Thank you for reaching out to the community forum with your query.
Based on the error message you received, it seems like there is a collation/encoding error between the SQL Pool and the dataframe in the Spark pool. The error message indicates that the column ordinal 27 is expected to be of type VARCHAR(7) collate SQL_Latin1_General_CP1_CI_AS NOT NULL, but the data in the column does not match this expected data type.
To resolve this issue, you can try changing the collation of the column in the SQL view to match the collation of the Spark pool. You can also try casting the column to the correct data type in the Spark code.
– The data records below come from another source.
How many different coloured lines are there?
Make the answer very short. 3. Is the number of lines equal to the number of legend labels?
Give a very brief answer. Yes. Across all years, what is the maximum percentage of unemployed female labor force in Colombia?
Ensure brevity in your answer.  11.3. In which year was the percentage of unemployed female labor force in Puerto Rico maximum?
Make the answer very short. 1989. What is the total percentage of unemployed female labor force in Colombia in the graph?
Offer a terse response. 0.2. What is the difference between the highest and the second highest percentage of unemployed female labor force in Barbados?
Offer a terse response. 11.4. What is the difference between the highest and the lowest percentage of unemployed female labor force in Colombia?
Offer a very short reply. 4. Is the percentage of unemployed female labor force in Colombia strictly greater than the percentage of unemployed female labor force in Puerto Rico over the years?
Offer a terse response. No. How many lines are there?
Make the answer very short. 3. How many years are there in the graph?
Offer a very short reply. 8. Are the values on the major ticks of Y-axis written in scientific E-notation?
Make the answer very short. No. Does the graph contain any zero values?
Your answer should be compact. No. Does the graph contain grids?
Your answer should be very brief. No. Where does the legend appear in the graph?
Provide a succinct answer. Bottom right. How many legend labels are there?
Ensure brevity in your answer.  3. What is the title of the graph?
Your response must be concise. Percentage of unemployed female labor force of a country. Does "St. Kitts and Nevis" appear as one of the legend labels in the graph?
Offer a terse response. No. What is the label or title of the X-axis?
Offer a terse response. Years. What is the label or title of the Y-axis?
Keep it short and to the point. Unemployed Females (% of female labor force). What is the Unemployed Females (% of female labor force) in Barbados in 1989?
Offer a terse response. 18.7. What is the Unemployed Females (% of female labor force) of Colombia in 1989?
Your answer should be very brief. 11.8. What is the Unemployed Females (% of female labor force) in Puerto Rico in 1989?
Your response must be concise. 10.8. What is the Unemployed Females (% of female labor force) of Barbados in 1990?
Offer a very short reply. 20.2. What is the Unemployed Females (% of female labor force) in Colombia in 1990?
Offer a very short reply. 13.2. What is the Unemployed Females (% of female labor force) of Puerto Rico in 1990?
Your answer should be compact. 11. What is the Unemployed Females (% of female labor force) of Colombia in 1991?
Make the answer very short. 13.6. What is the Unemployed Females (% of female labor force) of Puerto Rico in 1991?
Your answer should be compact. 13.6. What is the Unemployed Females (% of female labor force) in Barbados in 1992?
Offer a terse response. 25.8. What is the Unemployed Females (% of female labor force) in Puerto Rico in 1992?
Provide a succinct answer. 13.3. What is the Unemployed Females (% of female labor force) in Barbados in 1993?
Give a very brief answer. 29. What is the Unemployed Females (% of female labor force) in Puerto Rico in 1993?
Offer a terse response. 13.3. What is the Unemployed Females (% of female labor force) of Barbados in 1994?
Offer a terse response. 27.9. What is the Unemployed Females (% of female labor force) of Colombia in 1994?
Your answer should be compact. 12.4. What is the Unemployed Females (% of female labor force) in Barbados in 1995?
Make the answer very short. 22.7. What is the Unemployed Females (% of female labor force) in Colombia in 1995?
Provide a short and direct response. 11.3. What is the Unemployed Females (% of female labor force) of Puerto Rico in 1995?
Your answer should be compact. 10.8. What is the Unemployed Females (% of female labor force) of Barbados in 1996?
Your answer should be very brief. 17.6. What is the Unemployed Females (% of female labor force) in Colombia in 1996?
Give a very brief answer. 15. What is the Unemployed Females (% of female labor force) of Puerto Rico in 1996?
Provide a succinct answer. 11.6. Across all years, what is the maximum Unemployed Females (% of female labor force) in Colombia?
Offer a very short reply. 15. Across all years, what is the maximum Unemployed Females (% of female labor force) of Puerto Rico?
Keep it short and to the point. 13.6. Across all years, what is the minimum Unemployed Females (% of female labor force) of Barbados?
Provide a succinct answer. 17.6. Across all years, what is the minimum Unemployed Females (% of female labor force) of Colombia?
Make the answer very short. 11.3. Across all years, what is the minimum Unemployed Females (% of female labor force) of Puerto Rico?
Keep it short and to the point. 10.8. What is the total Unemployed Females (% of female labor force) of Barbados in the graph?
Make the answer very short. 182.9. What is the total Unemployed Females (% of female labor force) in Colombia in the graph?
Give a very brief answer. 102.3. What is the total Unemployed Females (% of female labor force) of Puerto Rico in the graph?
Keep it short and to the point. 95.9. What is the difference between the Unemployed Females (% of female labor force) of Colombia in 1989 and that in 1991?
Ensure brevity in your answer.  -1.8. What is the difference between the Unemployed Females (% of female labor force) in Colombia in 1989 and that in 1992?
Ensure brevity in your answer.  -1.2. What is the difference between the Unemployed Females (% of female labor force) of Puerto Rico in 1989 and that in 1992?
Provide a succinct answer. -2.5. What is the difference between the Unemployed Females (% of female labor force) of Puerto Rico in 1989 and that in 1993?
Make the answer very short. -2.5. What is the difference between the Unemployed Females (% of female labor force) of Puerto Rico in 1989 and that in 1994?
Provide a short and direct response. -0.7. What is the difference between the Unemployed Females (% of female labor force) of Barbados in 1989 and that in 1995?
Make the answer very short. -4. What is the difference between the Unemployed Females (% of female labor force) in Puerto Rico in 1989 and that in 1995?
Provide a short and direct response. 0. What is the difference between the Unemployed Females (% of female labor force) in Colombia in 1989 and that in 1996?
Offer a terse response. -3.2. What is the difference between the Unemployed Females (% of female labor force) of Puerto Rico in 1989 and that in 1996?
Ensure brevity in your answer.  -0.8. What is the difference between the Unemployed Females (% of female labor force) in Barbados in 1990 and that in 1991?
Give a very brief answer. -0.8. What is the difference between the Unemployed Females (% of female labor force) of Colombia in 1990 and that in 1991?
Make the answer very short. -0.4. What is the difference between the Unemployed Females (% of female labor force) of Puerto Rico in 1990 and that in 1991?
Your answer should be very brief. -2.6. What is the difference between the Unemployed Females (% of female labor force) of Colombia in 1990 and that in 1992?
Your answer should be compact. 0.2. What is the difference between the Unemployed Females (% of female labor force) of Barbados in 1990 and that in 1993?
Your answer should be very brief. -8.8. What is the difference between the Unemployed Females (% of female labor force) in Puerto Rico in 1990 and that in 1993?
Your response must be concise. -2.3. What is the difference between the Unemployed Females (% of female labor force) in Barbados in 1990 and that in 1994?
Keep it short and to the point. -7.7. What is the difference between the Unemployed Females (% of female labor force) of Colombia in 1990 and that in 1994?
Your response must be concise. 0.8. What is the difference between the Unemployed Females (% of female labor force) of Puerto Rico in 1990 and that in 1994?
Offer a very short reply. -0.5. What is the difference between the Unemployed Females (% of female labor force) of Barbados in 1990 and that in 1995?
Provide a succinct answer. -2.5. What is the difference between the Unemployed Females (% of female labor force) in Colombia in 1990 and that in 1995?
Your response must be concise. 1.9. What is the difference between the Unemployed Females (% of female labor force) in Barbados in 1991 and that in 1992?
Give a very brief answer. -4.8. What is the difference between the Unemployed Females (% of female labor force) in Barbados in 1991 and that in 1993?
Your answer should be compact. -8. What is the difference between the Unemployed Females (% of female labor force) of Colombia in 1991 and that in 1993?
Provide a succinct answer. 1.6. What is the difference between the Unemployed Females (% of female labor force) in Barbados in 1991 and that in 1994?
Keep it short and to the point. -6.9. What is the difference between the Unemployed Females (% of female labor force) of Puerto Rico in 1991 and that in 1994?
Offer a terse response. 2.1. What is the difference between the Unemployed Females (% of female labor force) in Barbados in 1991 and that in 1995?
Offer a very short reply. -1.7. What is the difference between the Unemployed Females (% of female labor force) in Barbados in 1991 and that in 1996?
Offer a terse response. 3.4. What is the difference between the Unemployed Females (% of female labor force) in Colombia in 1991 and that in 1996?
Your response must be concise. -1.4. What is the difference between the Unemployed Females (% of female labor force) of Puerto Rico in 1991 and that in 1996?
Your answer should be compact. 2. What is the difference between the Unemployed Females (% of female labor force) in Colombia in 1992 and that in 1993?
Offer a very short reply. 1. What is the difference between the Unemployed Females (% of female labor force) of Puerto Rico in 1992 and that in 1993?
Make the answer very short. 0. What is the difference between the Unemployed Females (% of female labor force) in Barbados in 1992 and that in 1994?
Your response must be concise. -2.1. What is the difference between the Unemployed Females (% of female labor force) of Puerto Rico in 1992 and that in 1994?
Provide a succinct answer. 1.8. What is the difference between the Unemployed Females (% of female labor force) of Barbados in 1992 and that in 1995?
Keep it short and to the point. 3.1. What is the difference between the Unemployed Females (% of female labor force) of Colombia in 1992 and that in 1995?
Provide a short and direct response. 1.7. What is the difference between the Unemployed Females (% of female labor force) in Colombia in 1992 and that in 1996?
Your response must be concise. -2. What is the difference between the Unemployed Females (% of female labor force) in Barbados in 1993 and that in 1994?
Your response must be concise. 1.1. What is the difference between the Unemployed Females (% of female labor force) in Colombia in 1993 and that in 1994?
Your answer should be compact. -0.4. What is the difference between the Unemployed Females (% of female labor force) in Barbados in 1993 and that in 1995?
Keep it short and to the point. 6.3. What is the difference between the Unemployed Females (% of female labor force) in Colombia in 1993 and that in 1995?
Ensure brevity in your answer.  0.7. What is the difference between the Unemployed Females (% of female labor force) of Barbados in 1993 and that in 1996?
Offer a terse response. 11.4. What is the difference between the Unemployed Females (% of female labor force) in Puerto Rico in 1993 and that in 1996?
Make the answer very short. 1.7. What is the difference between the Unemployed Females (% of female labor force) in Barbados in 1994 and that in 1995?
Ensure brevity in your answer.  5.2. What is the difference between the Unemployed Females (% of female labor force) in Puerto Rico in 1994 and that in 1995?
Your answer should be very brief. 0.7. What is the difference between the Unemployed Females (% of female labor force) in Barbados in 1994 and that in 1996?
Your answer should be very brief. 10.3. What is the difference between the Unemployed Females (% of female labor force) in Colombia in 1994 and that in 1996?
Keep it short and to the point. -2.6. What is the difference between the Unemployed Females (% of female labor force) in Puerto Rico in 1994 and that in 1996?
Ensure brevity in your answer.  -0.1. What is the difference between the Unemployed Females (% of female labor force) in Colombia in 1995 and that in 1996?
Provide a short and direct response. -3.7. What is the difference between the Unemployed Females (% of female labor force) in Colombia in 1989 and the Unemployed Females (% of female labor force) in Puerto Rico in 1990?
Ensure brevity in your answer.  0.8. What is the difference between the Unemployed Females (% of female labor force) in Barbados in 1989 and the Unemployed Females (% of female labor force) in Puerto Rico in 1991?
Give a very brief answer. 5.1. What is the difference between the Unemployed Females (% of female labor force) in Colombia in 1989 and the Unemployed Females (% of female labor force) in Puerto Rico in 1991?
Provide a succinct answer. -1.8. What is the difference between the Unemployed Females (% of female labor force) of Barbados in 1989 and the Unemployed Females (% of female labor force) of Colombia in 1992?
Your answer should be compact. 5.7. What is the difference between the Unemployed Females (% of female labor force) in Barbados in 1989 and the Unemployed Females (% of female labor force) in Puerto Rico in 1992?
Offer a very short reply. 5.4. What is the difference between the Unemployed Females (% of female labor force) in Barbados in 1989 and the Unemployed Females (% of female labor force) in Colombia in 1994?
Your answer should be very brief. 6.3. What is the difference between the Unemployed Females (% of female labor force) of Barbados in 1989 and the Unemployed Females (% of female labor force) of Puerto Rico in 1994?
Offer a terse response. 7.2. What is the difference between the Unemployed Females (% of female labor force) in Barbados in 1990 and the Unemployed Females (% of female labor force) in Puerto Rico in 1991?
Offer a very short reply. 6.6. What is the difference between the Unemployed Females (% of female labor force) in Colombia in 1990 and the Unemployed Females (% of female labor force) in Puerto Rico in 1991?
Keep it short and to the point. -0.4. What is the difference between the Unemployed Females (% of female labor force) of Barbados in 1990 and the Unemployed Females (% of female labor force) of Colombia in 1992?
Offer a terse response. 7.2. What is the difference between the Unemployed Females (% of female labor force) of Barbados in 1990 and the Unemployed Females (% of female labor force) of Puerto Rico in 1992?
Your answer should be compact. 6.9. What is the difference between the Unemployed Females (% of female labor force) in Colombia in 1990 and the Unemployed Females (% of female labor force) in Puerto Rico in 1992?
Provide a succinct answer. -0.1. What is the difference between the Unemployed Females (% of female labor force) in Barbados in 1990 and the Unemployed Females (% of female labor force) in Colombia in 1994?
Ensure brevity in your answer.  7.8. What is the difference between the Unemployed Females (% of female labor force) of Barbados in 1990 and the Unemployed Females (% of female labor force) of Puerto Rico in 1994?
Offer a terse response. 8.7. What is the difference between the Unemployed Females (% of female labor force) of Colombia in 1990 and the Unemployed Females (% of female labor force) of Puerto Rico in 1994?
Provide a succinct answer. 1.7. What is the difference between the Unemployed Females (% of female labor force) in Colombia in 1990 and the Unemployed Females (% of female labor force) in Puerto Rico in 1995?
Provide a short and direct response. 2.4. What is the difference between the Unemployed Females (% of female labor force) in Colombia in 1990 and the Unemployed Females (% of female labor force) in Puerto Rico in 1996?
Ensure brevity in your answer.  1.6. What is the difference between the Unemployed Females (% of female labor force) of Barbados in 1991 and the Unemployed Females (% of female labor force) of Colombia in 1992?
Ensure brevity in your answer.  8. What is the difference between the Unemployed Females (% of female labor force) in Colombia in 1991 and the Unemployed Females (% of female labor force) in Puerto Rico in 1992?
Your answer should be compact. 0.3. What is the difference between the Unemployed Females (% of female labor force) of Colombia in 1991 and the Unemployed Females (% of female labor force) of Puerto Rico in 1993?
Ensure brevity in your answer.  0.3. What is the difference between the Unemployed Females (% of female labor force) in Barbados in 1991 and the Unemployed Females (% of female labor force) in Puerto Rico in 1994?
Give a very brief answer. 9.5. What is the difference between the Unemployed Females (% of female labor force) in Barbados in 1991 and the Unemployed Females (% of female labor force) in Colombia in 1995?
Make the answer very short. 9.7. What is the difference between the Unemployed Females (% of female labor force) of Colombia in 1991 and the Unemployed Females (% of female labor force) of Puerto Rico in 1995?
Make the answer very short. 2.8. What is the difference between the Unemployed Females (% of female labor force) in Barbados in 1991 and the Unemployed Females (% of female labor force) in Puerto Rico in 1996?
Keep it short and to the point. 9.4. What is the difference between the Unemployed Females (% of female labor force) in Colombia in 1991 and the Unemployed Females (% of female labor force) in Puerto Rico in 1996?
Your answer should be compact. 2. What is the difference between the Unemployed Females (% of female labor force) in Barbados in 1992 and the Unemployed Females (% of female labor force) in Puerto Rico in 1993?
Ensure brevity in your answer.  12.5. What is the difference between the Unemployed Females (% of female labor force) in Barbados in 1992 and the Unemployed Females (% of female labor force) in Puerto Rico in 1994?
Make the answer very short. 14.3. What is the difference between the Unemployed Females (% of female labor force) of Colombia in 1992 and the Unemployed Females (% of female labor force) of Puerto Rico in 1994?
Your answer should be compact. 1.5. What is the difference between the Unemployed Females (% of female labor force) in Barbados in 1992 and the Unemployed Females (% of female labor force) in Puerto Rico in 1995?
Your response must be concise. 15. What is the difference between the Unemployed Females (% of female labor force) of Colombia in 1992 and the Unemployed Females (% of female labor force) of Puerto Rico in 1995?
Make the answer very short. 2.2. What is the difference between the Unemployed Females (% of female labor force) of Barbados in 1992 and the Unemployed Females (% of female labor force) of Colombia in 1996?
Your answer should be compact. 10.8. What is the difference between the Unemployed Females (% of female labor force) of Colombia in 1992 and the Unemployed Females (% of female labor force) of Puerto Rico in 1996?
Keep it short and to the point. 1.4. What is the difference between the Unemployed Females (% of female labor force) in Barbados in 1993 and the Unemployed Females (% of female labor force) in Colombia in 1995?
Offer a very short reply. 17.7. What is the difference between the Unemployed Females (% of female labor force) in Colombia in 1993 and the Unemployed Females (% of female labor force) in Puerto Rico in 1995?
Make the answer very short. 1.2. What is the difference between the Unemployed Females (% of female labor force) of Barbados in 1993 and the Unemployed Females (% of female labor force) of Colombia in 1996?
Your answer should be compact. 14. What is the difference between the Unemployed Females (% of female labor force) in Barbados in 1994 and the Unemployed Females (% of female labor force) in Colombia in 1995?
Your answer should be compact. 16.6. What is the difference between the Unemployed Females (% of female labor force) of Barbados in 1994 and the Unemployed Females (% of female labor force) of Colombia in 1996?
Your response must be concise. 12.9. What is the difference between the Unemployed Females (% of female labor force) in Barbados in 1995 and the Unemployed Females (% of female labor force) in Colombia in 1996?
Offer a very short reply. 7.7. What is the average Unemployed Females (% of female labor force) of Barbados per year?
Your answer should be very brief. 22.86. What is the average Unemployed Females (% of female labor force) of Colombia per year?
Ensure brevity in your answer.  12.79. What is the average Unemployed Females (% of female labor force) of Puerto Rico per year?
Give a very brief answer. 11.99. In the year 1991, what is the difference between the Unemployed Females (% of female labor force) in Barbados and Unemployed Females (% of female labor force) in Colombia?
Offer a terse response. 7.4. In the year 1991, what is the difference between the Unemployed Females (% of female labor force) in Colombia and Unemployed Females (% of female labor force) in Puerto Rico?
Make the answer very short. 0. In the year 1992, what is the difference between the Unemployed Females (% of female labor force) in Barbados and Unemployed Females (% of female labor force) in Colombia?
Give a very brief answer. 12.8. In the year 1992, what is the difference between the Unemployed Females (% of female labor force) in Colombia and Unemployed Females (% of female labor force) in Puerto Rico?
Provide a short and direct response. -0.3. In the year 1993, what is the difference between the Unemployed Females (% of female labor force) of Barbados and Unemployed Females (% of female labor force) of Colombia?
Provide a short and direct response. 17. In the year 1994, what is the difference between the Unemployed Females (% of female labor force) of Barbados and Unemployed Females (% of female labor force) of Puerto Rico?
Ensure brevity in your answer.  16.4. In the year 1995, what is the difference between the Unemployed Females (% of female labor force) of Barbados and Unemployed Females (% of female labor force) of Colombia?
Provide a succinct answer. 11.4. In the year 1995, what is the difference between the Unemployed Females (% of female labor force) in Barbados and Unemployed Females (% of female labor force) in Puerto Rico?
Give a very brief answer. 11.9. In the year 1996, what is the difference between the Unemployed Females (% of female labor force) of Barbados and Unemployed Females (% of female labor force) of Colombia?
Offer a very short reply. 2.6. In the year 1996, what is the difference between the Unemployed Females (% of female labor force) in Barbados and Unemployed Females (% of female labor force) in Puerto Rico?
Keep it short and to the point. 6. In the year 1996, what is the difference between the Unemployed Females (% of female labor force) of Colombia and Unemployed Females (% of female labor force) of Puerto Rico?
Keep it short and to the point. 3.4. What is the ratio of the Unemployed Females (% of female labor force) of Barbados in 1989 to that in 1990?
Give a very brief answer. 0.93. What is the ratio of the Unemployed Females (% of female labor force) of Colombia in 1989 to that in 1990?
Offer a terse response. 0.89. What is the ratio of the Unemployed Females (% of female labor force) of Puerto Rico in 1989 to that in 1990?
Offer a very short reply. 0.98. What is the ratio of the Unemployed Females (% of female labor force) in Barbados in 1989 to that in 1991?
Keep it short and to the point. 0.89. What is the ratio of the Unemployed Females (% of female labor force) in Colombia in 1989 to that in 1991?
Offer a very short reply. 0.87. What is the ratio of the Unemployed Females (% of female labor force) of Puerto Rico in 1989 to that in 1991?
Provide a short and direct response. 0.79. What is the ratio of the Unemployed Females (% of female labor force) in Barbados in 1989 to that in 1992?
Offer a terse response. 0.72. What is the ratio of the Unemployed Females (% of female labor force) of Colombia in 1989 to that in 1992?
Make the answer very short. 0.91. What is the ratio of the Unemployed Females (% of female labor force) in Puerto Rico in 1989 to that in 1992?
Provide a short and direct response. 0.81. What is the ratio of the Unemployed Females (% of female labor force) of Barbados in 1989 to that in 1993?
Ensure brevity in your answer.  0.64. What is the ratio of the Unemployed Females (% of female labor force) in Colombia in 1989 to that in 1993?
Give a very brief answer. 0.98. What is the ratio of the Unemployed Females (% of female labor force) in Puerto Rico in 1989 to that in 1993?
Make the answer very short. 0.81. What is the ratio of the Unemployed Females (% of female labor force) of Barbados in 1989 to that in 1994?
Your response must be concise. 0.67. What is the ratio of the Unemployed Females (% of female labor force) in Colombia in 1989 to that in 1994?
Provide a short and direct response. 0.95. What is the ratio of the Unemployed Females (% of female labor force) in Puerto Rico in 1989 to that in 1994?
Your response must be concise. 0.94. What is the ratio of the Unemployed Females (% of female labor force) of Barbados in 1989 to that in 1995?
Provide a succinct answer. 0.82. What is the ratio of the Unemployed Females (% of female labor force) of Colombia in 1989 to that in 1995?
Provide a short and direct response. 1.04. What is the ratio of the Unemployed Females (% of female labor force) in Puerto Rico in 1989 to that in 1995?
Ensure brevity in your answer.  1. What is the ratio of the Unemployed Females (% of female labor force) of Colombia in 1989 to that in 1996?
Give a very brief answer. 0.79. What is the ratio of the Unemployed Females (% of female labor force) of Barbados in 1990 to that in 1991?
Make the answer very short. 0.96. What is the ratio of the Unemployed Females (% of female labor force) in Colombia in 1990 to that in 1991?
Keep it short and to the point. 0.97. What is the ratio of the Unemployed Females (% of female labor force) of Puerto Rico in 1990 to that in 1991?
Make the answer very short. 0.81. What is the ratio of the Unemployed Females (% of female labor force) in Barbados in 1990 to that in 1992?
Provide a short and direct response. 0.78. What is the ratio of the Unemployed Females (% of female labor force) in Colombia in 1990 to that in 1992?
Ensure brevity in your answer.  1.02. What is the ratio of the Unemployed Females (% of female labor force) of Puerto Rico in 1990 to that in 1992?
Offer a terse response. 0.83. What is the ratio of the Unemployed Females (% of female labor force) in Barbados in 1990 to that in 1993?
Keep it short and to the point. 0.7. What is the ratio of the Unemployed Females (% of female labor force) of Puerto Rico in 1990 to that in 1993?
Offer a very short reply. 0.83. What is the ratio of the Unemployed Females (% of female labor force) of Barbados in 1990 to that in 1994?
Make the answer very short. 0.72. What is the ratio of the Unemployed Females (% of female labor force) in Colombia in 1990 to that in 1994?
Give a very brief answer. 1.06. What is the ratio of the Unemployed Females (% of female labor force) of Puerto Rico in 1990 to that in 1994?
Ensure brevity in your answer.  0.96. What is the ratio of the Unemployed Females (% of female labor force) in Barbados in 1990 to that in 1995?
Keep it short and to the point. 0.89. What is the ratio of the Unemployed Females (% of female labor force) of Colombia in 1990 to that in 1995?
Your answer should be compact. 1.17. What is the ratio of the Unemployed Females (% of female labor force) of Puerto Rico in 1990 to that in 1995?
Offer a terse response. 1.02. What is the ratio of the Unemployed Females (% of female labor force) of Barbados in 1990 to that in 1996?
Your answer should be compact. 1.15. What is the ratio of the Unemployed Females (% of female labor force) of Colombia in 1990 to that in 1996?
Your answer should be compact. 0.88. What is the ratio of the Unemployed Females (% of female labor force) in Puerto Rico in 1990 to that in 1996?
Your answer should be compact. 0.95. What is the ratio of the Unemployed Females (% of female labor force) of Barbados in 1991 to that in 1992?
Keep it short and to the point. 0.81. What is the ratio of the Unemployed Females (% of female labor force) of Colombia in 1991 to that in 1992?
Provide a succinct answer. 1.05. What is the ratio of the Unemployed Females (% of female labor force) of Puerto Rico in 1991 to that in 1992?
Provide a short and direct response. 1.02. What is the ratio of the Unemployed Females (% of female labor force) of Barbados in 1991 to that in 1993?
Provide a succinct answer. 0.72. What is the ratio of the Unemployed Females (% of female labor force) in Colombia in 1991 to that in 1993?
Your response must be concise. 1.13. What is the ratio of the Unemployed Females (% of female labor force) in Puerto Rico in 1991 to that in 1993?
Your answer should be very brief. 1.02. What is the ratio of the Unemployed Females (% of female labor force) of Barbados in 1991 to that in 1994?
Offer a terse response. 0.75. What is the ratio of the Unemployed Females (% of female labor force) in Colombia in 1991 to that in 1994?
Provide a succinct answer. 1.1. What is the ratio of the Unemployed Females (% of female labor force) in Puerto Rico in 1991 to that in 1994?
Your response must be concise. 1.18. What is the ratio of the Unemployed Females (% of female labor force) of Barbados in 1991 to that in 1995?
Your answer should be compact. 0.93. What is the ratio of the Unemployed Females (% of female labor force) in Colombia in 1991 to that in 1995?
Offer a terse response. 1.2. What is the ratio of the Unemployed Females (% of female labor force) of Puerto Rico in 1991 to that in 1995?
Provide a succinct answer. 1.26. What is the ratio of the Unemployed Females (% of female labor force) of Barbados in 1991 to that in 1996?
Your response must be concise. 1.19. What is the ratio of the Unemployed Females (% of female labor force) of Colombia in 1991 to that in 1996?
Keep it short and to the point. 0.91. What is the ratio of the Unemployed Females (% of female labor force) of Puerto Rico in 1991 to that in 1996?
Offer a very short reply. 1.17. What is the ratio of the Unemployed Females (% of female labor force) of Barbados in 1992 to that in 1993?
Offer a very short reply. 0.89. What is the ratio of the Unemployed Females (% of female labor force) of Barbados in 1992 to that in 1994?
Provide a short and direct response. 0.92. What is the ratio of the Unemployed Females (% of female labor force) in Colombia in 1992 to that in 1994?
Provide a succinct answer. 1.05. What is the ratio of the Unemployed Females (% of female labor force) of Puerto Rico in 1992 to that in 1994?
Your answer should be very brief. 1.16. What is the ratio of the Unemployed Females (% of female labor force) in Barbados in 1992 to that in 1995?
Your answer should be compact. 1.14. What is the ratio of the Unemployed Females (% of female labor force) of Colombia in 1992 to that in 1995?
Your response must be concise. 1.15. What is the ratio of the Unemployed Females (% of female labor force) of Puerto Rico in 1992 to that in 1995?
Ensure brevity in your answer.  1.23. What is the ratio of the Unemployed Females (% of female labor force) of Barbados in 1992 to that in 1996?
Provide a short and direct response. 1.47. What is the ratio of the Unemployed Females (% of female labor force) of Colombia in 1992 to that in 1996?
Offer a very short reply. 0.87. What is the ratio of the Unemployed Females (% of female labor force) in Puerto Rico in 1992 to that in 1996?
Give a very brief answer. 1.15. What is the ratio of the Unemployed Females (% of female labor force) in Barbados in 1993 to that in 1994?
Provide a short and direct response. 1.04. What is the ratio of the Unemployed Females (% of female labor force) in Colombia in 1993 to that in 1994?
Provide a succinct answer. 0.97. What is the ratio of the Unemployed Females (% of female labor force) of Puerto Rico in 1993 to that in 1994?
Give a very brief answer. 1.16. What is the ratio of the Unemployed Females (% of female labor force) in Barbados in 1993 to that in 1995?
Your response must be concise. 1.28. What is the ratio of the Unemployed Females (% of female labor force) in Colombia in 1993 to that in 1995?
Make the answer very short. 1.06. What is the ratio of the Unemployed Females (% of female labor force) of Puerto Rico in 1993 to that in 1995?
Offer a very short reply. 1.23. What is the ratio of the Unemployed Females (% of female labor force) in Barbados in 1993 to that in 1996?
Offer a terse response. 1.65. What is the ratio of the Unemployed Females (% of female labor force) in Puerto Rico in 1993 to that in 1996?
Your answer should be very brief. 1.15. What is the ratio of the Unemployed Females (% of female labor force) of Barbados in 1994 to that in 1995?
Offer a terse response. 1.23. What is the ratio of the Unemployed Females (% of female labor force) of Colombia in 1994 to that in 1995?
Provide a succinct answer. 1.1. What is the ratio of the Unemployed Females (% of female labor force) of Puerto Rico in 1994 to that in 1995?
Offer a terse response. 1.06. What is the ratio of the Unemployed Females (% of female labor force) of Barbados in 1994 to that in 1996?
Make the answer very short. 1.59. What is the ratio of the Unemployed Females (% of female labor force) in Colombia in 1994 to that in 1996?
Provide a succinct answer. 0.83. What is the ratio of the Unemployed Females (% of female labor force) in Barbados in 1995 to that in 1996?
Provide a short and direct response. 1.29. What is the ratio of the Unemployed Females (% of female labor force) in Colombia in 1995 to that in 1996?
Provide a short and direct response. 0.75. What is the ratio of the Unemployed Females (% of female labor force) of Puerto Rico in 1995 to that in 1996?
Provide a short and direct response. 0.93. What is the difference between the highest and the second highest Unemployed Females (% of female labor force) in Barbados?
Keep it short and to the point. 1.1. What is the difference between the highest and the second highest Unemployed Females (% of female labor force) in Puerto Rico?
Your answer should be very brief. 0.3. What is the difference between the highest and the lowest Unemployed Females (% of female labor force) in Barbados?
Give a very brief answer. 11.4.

Here's an example of how you can cast the column to the correct data type in the Spark code:
from pyspark.sql.functions import col
# Read from existing internal table
dfToReadFromTable2 = (spark.read
# If `Constants.SERVER` is not provided, the `<database_name>` from the three-part table name argument
# to `synapsesql` method is used to infer the Synapse Dedicated SQL End Point.
.option(Constants.SERVER, "xxx.sql.azuresynapse.net")
# Defaults to storage path defined in the runtime configurations
.option(Constants.TEMP_FOLDER, "abfss://******@xxx.dfs.core.windows.net/xxx")
# Three-part table name from where data will be read.
.synapsesql("database.schema.view")
# Cast column ordinal 27 to the correct data type
.withColumn("column_name", col("column_name").cast("string"))
# Fetch a sample of 10 records
.limit(10))
# Show contents of the dataframe
dfToReadFromTable2.show()
If the issue persists, you can also try checking the encoding of the data in the column and ensure that it matches the encoding of the Spark pool.
I hope this helps! Let me know if you have any further questions.